**TASK INSTRUCTIONS:** Scan the entries for the word "this". Every line that has it should be copied.

(Beginning of DATA PROVIDED)

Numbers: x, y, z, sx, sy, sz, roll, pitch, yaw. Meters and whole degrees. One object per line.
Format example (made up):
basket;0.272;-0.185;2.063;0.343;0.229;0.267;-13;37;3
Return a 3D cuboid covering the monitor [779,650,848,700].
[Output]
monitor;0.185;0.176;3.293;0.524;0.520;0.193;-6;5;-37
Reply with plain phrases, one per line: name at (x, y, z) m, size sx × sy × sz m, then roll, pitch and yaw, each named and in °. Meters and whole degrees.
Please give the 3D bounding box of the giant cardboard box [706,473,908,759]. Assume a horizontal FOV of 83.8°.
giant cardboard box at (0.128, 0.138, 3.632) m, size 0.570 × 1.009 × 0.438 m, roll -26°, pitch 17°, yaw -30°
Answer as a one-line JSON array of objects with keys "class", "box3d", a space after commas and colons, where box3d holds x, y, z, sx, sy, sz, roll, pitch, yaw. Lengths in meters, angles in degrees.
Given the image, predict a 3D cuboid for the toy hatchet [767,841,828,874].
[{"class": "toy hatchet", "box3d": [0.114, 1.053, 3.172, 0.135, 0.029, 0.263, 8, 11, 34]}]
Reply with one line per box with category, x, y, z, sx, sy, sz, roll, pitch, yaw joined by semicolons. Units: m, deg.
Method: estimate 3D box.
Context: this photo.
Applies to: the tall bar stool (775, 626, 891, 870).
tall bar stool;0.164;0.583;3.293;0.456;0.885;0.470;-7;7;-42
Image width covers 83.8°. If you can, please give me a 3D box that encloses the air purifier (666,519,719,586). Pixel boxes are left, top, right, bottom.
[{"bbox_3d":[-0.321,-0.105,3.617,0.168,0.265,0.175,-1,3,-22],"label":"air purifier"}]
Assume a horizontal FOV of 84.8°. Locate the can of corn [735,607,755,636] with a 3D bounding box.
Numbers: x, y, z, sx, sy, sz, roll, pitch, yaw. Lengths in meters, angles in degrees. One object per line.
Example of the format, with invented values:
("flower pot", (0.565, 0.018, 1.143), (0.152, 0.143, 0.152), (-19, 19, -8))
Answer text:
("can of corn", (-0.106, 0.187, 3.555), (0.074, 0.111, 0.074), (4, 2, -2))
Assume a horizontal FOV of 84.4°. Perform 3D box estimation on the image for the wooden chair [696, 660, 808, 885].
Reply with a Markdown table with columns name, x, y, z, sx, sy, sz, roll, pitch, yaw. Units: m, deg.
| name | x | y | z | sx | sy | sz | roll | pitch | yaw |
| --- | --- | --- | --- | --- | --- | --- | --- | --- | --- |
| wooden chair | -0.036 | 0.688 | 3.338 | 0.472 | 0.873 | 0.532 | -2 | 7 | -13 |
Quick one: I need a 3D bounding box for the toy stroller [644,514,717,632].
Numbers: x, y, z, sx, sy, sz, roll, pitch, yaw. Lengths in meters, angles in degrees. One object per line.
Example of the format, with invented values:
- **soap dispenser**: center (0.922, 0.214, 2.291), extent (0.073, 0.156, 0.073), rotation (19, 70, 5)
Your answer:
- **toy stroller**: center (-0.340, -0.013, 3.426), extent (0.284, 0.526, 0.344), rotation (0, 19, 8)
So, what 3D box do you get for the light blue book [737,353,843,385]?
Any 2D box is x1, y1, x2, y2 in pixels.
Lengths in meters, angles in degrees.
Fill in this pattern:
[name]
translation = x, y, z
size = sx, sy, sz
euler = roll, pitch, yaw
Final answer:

(End of DATA PROVIDED)

**WRITTEN ANSWER:**
Context: this photo.
Fill in this pattern:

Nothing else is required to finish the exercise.